(Records drawn from a dataset)
· · · · · · ·

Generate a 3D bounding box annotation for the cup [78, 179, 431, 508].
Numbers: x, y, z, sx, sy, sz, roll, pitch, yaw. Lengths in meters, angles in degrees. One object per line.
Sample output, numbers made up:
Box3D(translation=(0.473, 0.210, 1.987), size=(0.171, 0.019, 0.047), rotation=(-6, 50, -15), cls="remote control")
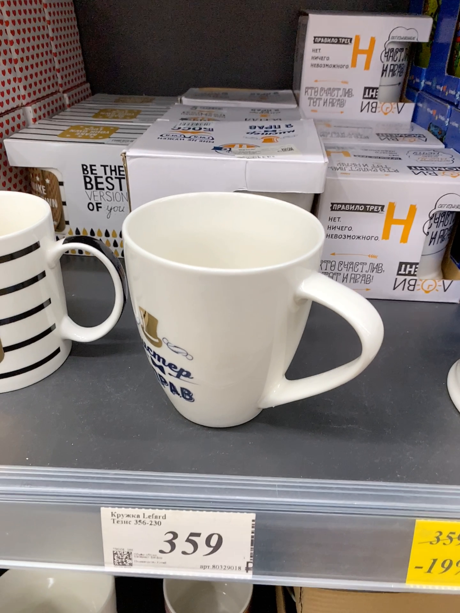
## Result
Box3D(translation=(0.010, 0.005, 0.241), size=(0.132, 0.093, 0.094), rotation=(21, 37, 29), cls="cup")
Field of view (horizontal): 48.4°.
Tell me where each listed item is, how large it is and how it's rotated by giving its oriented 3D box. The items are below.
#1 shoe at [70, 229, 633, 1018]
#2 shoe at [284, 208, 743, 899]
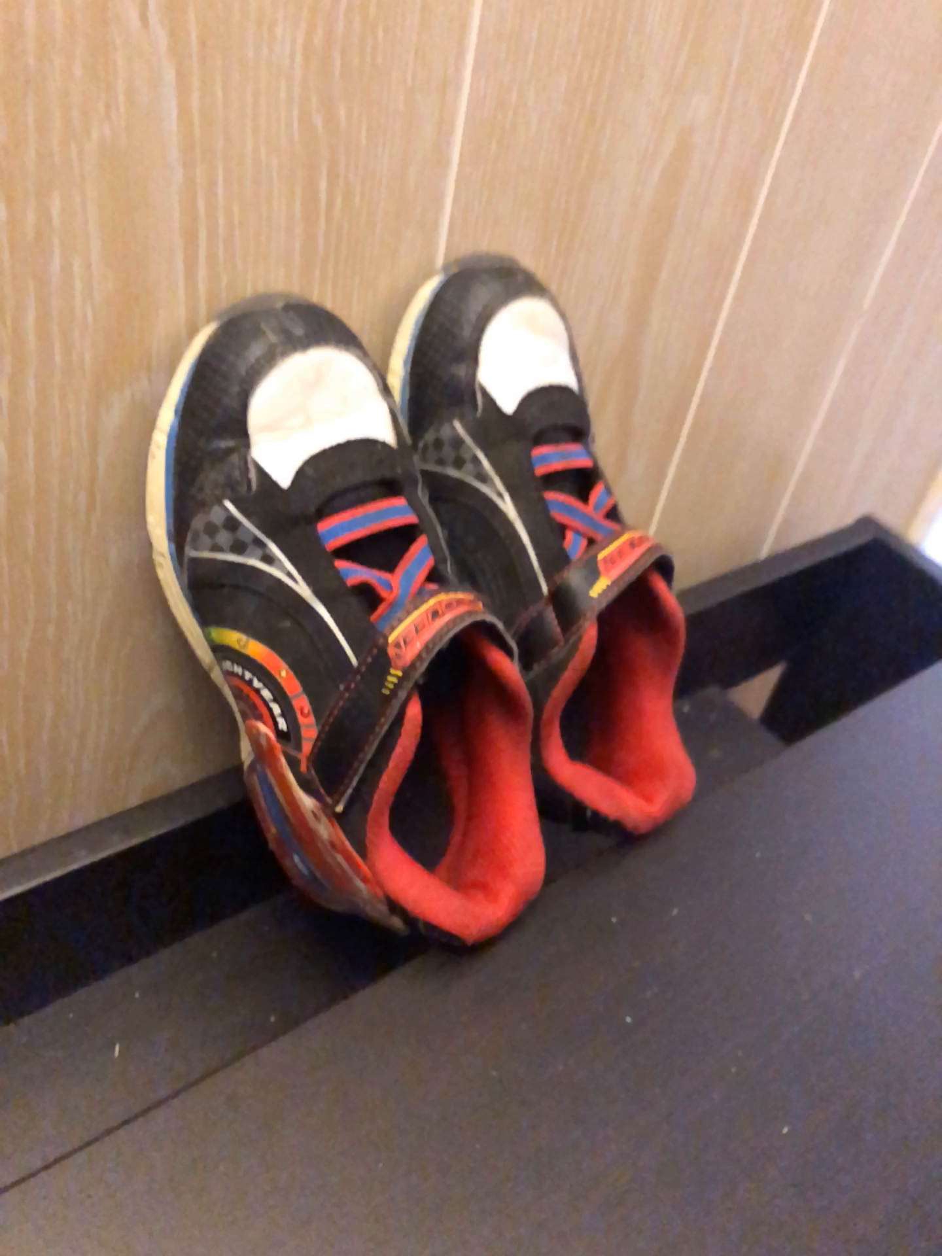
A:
[{"bbox_3d":[-0.035,-0.004,0.316,0.090,0.200,0.070,-20,5,-34],"label":"shoe"},{"bbox_3d":[0.017,-0.027,0.370,0.090,0.210,0.070,-19,8,-33],"label":"shoe"}]

· · · · · · ·

→ What is expected
In the copy, leave out the pictures and restate the records exactly.

→ Output
Generate a 3D bounding box annotation for the cup [78, 179, 431, 508].
Numbers: x, y, z, sx, sy, sz, roll, pitch, yaw. Lengths in meters, angles in degrees. One object per line.
Sample output, numbers made up:
Box3D(translation=(0.473, 0.210, 1.987), size=(0.171, 0.019, 0.047), rotation=(-6, 50, -15), cls="remote control")
## Result
Box3D(translation=(0.010, 0.005, 0.241), size=(0.132, 0.093, 0.094), rotation=(21, 37, 29), cls="cup")
Field of view (horizontal): 48.4°.
Tell me where each listed item is, how large it is and how it's rotated by giving its oriented 3D box. The items are below.
#1 shoe at [70, 229, 633, 1018]
#2 shoe at [284, 208, 743, 899]
A:
[{"bbox_3d":[-0.035,-0.004,0.316,0.090,0.200,0.070,-20,5,-34],"label":"shoe"},{"bbox_3d":[0.017,-0.027,0.370,0.090,0.210,0.070,-19,8,-33],"label":"shoe"}]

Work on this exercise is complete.